REQUIRED WORK: Every line of the listing must be repeated in the answer without alteration.
*** Block opens ***
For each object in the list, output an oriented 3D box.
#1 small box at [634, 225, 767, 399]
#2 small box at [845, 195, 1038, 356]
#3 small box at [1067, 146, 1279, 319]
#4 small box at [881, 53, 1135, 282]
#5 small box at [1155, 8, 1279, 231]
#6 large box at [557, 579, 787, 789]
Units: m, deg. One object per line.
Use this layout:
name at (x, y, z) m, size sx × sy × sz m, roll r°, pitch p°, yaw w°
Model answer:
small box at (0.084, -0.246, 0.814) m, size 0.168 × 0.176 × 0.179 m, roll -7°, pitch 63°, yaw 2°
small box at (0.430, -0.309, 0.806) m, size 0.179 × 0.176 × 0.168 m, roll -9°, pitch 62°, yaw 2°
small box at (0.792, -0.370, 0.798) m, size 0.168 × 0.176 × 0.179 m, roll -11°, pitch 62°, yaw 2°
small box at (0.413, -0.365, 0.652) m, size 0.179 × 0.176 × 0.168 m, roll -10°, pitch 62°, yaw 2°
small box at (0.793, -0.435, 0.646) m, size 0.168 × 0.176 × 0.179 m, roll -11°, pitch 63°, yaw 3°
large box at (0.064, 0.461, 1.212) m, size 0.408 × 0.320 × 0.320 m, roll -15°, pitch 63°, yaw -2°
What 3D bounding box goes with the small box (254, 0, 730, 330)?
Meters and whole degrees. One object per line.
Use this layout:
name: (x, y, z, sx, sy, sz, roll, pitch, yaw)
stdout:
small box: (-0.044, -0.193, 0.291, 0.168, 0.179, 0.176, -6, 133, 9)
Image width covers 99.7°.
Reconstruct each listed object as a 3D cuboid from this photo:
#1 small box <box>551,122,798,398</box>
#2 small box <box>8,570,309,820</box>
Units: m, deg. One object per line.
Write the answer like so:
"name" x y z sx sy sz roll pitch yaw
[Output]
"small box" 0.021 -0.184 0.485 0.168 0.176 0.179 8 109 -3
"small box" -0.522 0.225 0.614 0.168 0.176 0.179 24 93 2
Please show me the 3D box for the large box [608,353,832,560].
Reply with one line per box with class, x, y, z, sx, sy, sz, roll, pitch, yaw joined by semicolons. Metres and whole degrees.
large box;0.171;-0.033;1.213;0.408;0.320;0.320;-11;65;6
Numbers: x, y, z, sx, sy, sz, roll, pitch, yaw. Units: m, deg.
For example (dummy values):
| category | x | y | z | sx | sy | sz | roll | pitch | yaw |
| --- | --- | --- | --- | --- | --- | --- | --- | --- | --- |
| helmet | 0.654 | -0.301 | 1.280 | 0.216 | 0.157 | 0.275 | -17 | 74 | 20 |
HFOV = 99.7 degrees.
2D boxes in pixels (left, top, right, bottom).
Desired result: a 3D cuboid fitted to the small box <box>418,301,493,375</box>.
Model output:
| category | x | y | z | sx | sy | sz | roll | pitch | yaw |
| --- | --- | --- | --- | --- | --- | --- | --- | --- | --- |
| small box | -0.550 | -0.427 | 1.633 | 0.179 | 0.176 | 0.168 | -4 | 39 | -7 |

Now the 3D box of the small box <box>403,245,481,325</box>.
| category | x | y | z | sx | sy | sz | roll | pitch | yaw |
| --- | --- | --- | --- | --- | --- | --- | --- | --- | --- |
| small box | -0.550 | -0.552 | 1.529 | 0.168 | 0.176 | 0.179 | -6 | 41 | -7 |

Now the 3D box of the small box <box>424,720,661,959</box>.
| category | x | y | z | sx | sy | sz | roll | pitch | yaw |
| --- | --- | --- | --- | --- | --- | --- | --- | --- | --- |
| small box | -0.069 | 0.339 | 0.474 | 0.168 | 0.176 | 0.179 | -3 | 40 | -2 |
*** Block closes ***
RESULT OF THE EXERCISE:
For each object in the list, output an oriented 3D box.
#1 small box at [634, 225, 767, 399]
#2 small box at [845, 195, 1038, 356]
#3 small box at [1067, 146, 1279, 319]
#4 small box at [881, 53, 1135, 282]
#5 small box at [1155, 8, 1279, 231]
#6 large box at [557, 579, 787, 789]
Units: m, deg. One object per line.
Use this layout:
name at (x, y, z) m, size sx × sy × sz m, roll r°, pitch p°, yaw w°
Model answer:
small box at (0.084, -0.246, 0.814) m, size 0.168 × 0.176 × 0.179 m, roll -7°, pitch 63°, yaw 2°
small box at (0.430, -0.309, 0.806) m, size 0.179 × 0.176 × 0.168 m, roll -9°, pitch 62°, yaw 2°
small box at (0.792, -0.370, 0.798) m, size 0.168 × 0.176 × 0.179 m, roll -11°, pitch 62°, yaw 2°
small box at (0.413, -0.365, 0.652) m, size 0.179 × 0.176 × 0.168 m, roll -10°, pitch 62°, yaw 2°
small box at (0.793, -0.435, 0.646) m, size 0.168 × 0.176 × 0.179 m, roll -11°, pitch 63°, yaw 3°
large box at (0.064, 0.461, 1.212) m, size 0.408 × 0.320 × 0.320 m, roll -15°, pitch 63°, yaw -2°
What 3D bounding box goes with the small box (254, 0, 730, 330)?
Meters and whole degrees. One object per line.
Use this layout:
name: (x, y, z, sx, sy, sz, roll, pitch, yaw)
stdout:
small box: (-0.044, -0.193, 0.291, 0.168, 0.179, 0.176, -6, 133, 9)
Image width covers 99.7°.
Reconstruct each listed object as a 3D cuboid from this photo:
#1 small box <box>551,122,798,398</box>
#2 small box <box>8,570,309,820</box>
Units: m, deg. One object per line.
Write the answer like so:
"name" x y z sx sy sz roll pitch yaw
[Output]
"small box" 0.021 -0.184 0.485 0.168 0.176 0.179 8 109 -3
"small box" -0.522 0.225 0.614 0.168 0.176 0.179 24 93 2
Please show me the 3D box for the large box [608,353,832,560].
Reply with one line per box with class, x, y, z, sx, sy, sz, roll, pitch, yaw joined by semicolons. Metres and whole degrees.
large box;0.171;-0.033;1.213;0.408;0.320;0.320;-11;65;6
Numbers: x, y, z, sx, sy, sz, roll, pitch, yaw. Units: m, deg.
For example (dummy values):
| category | x | y | z | sx | sy | sz | roll | pitch | yaw |
| --- | --- | --- | --- | --- | --- | --- | --- | --- | --- |
| helmet | 0.654 | -0.301 | 1.280 | 0.216 | 0.157 | 0.275 | -17 | 74 | 20 |
HFOV = 99.7 degrees.
2D boxes in pixels (left, top, right, bottom).
Desired result: a 3D cuboid fitted to the small box <box>418,301,493,375</box>.
Model output:
| category | x | y | z | sx | sy | sz | roll | pitch | yaw |
| --- | --- | --- | --- | --- | --- | --- | --- | --- | --- |
| small box | -0.550 | -0.427 | 1.633 | 0.179 | 0.176 | 0.168 | -4 | 39 | -7 |

Now the 3D box of the small box <box>403,245,481,325</box>.
| category | x | y | z | sx | sy | sz | roll | pitch | yaw |
| --- | --- | --- | --- | --- | --- | --- | --- | --- | --- |
| small box | -0.550 | -0.552 | 1.529 | 0.168 | 0.176 | 0.179 | -6 | 41 | -7 |

Now the 3D box of the small box <box>424,720,661,959</box>.
| category | x | y | z | sx | sy | sz | roll | pitch | yaw |
| --- | --- | --- | --- | --- | --- | --- | --- | --- | --- |
| small box | -0.069 | 0.339 | 0.474 | 0.168 | 0.176 | 0.179 | -3 | 40 | -2 |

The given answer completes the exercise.